%%
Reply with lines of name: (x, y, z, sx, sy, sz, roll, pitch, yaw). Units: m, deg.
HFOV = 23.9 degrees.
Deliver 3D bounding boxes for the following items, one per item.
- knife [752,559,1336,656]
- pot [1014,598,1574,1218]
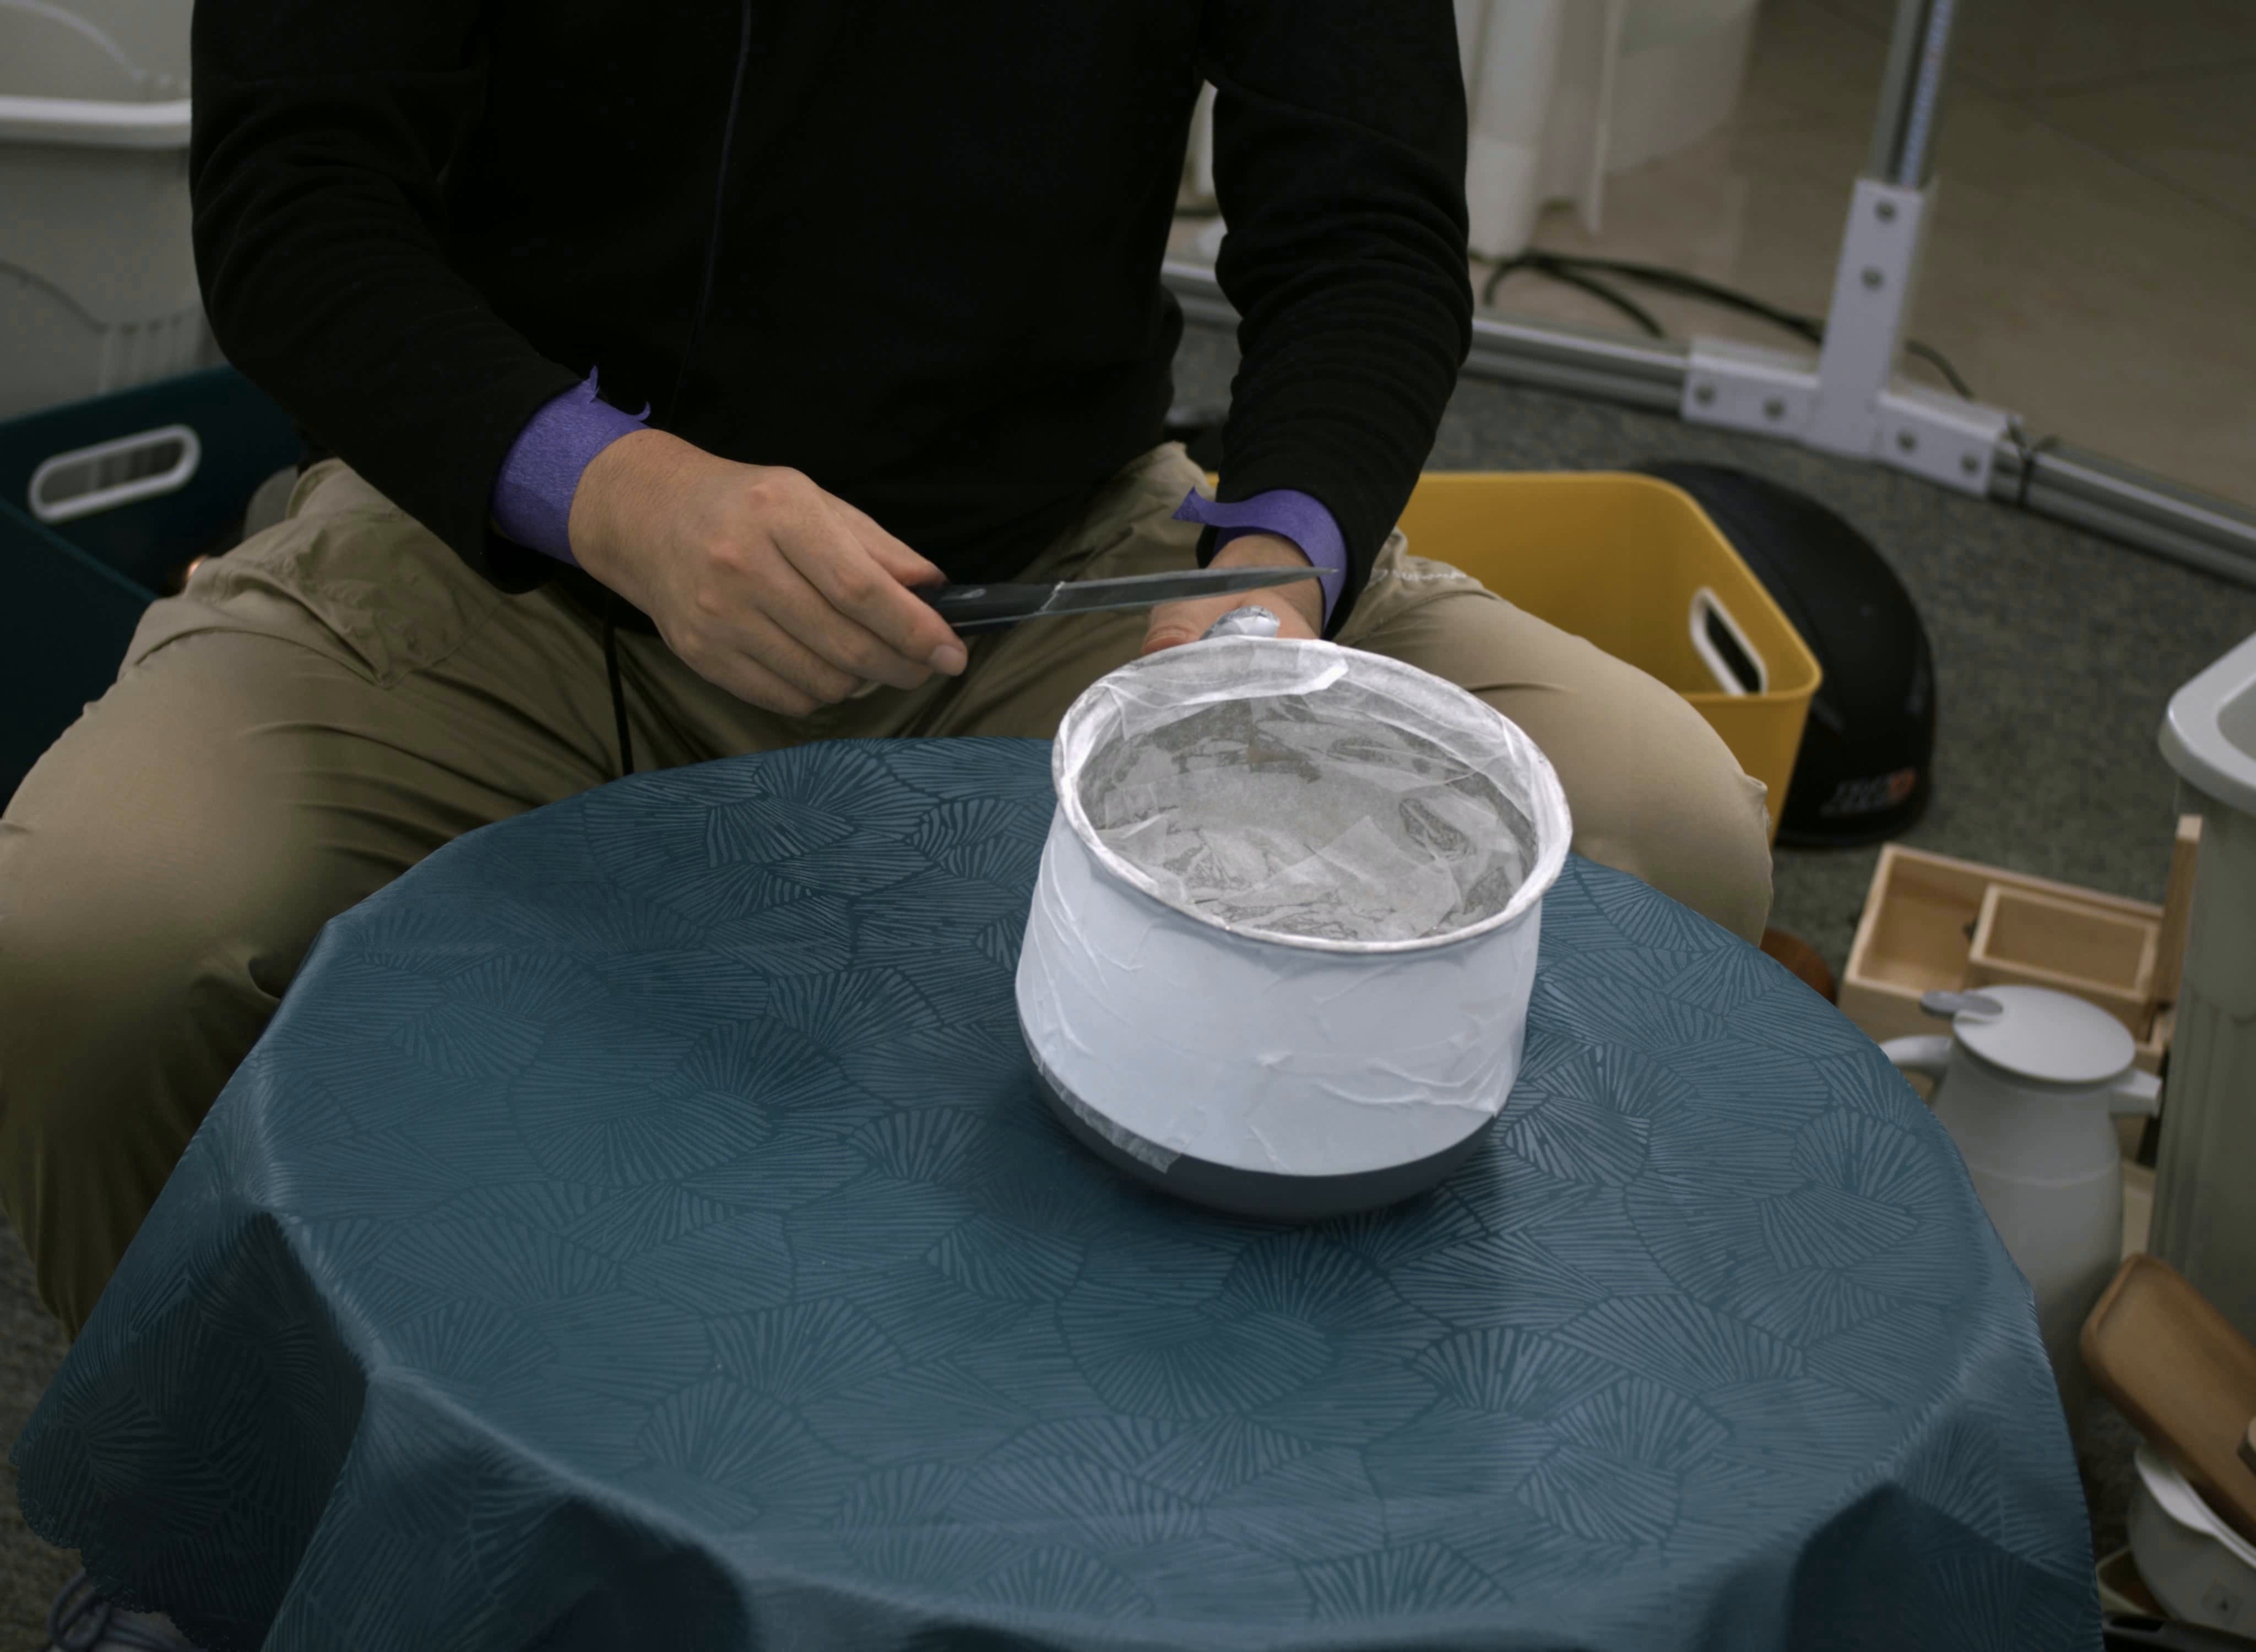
%%
--- What to produce ---
Quote everything in the listing above exactly; pictures are the only thing to omit.

--- Exercise answer ---
Reply with lines of name: (x, y, z, sx, sy, sz, roll, pitch, yaw). Units: m, deg.
HFOV = 23.9 degrees.
Deliver 3D bounding boxes for the following items, one per item.
- knife [752,559,1336,656]
- pot [1014,598,1574,1218]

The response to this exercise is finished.